Collected data
- - -

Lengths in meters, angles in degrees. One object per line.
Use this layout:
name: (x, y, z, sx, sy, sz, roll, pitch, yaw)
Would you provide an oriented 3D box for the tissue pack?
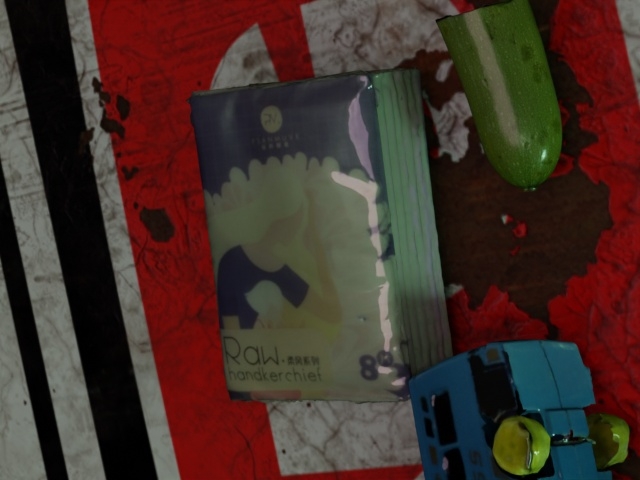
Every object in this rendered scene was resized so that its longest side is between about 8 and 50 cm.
tissue pack: (0.000, 0.000, 1.632, 0.242, 0.125, 0.343, -3, 96, 34)

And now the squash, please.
squash: (0.186, -0.140, 1.513, 0.095, 0.095, 0.188, -16, 94, 34)

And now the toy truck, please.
toy truck: (0.209, 0.291, 1.493, 0.162, 0.161, 0.384, -23, 73, 41)

- - -

(Problem):
Please output an exact repetition of the lines from the line containing "name: (x, y, z, sx, sy, sz, roll, pitch, yaw)" to the end of the records, both included, with no pictures and no additional text.

(Exercise answer):
name: (x, y, z, sx, sy, sz, roll, pitch, yaw)
Would you provide an oriented 3D box for the tissue pack?
Every object in this rendered scene was resized so that its longest side is between about 8 and 50 cm.
tissue pack: (0.000, 0.000, 1.632, 0.242, 0.125, 0.343, -3, 96, 34)

And now the squash, please.
squash: (0.186, -0.140, 1.513, 0.095, 0.095, 0.188, -16, 94, 34)

And now the toy truck, please.
toy truck: (0.209, 0.291, 1.493, 0.162, 0.161, 0.384, -23, 73, 41)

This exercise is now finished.